桂建超目光從蘇大為身上,轉到聶蘇的臉龐上,遲遲沒有回答蘇大為的問題。
蘇大為心下暗焦,催促道:“鬼叔?”
“你一定要知道嗎?”桂建超抬頭,看向蘇大為,那眼中,隱隱透著一種神秘,懾人的光芒。
“這對我,對小蘇都很重要。”蘇大為斬釘截鐵道。
小蘇是聖女的孩子。
若聖女是騰迅,那麽小蘇的身份則將是新一代騰迅。
這一切的源頭,皆因苯教所供的乃是詭異。
這簡直是莫大的諷刺。
打的是佛祖名號,拜的卻是詭異。
豈非佛陀圓寂時,魔王波旬所說:待你圓寂之後,後世千百年,我的徒子徒孫,會穿上你們的僧衣,混入你們教中。
誰是魔,誰才是佛?
桂建超臉上浮現掙扎之色。
一直未出聲的行者,將鐵棒在地上重重一頓:“你不方便,讓我來告訴他吧。”
咚!這一聲,像是敲在蘇大為心裡。
令他心頭一凜,目光下意識看向行者。
卻見行者微微搖頭:“不是。

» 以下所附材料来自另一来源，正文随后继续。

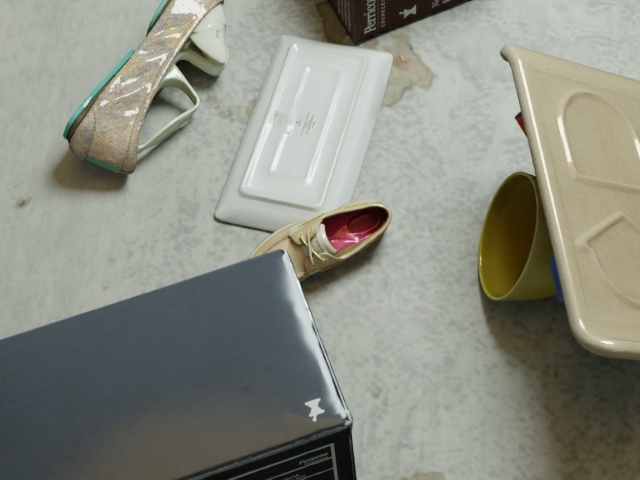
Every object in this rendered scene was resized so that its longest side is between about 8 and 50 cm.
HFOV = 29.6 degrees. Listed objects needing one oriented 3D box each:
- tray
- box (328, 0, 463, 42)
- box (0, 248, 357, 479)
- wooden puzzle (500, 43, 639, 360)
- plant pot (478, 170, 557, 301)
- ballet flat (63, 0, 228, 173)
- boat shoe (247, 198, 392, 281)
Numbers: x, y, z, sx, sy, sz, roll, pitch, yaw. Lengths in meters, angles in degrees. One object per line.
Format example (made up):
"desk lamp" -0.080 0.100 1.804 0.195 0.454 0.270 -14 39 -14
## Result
"tray" -0.016 -0.128 1.383 0.145 0.030 0.270 11 61 11
"box" 0.094 -0.376 1.439 0.203 0.168 0.167 -23 62 -9
"box" -0.129 0.186 1.056 0.296 0.294 0.183 -18 61 -7
"wooden puzzle" 0.326 -0.018 1.199 0.322 0.080 0.348 9 55 -32
"plant pot" 0.234 0.004 1.245 0.095 0.134 0.134 11 59 -15
"ballet flat" -0.173 -0.203 1.409 0.106 0.107 0.316 32 71 -2
"boat shoe" 0.000 0.000 1.280 0.170 0.059 0.063 -29 93 -13

”
不是?
蘇大為頓時一愣。
這不是,是說聖女並不是騰迅?
自己之前猜測全是錯的?
一時間,蘇大為有些糊塗起來。
“行者師兄,你沒騙我?”
蘇大為眸光大亮,猶如在地宮中亮起兩枚小太陽。
這光芒,並非一般元氣精芒,而是陽神高度凝聚,足以刺透人心的天眼。
行者在他熾烈目光下,神色坦然:“不是。”
這一次,行者的語氣,越發肯定。
桂建超在一旁,神色微有些古怪,但也點頭道:“聖女,的確不是騰迅。”
聖女不是騰迅。
那聖女是誰?
聖女若不是騰迅,為何會被苯教供奉的一群詭異之中?
蘇大為心頭疑團不但沒有解開,反而更多。
“鬼叔,行者師兄,我們相交十幾年,不想在此打啞迷,把你們知道的都告訴我吧。”
蘇大為懷抱小蘇,聲音懇切道:“算是幫我,也幫小蘇。”
若聖女不是騰迅,那意味著他之前的判斷,錯了。
“我有不得已之處。”
桂建超臉上掙扎色更重,沉吟道:“我不能說。”
“你不能說,我來說。”
行者將鐵棒扛在肩上。
向著蘇大為眥牙一笑,這笑容竟有一種如釋重負的解脫:“你想知道什麽?看在法師的面子上,我可以告訴你。”
這一刻,蘇大為竟從這天產石猴猙獰的笑容裡,察覺到一絲溫暖。
他頷首致謝道:“騰迅的真身,我並不關心,但是小蘇的事,我不能不管。我想找到苯教聖女,讓她救治小蘇。”
“你怎麽能肯定,那位聖女能救小蘇?”
“我聽說過,苯教聖女一脈相傳,既然前任聖女能活下來,就代表,小蘇身上的問題,一定有解決的辦法。”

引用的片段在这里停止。